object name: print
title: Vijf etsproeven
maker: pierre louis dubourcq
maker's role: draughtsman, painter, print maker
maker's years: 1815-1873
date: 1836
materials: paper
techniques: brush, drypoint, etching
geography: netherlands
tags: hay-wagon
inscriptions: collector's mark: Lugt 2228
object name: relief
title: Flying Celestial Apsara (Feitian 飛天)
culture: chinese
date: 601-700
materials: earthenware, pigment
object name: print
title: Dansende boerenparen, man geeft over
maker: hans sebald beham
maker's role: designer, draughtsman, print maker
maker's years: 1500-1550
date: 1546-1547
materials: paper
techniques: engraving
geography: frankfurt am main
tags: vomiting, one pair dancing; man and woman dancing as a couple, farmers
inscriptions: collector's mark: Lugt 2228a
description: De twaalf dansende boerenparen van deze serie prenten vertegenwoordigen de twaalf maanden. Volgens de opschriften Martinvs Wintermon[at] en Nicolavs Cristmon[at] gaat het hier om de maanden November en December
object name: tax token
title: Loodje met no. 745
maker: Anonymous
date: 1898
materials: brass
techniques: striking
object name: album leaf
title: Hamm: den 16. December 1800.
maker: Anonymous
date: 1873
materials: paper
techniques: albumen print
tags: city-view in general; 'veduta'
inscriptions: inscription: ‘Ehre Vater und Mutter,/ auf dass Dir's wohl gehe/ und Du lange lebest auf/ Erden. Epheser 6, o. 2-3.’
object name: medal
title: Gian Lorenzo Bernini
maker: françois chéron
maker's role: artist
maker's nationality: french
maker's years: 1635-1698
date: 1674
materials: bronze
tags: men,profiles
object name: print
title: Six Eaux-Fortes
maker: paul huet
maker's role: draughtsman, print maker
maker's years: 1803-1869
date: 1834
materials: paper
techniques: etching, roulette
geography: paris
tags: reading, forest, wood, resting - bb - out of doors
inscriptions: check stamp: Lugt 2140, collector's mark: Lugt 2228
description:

Task instructions >>
Your reply needs to reproduce all of the listing exactly.

Reply to the exercise >>
object name: print
title: Vijf etsproeven
maker: pierre louis dubourcq
maker's role: draughtsman, painter, print maker
maker's years: 1815-1873
date: 1836
materials: paper
techniques: brush, drypoint, etching
geography: netherlands
tags: hay-wagon
inscriptions: collector's mark: Lugt 2228
object name: relief
title: Flying Celestial Apsara (Feitian 飛天)
culture: chinese
date: 601-700
materials: earthenware, pigment
object name: print
title: Dansende boerenparen, man geeft over
maker: hans sebald beham
maker's role: designer, draughtsman, print maker
maker's years: 1500-1550
date: 1546-1547
materials: paper
techniques: engraving
geography: frankfurt am main
tags: vomiting, one pair dancing; man and woman dancing as a couple, farmers
inscriptions: collector's mark: Lugt 2228a
description: De twaalf dansende boerenparen van deze serie prenten vertegenwoordigen de twaalf maanden. Volgens de opschriften Martinvs Wintermon[at] en Nicolavs Cristmon[at] gaat het hier om de maanden November en December
object name: tax token
title: Loodje met no. 745
maker: Anonymous
date: 1898
materials: brass
techniques: striking
object name: album leaf
title: Hamm: den 16. December 1800.
maker: Anonymous
date: 1873
materials: paper
techniques: albumen print
tags: city-view in general; 'veduta'
inscriptions: inscription: ‘Ehre Vater und Mutter,/ auf dass Dir's wohl gehe/ und Du lange lebest auf/ Erden. Epheser 6, o. 2-3.’
object name: medal
title: Gian Lorenzo Bernini
maker: françois chéron
maker's role: artist
maker's nationality: french
maker's years: 1635-1698
date: 1674
materials: bronze
tags: men,profiles
object name: print
title: Six Eaux-Fortes
maker: paul huet
maker's role: draughtsman, print maker
maker's years: 1803-1869
date: 1834
materials: paper
techniques: etching, roulette
geography: paris
tags: reading, forest, wood, resting - bb - out of doors
inscriptions: check stamp: Lugt 2140, collector's mark: Lugt 2228
description:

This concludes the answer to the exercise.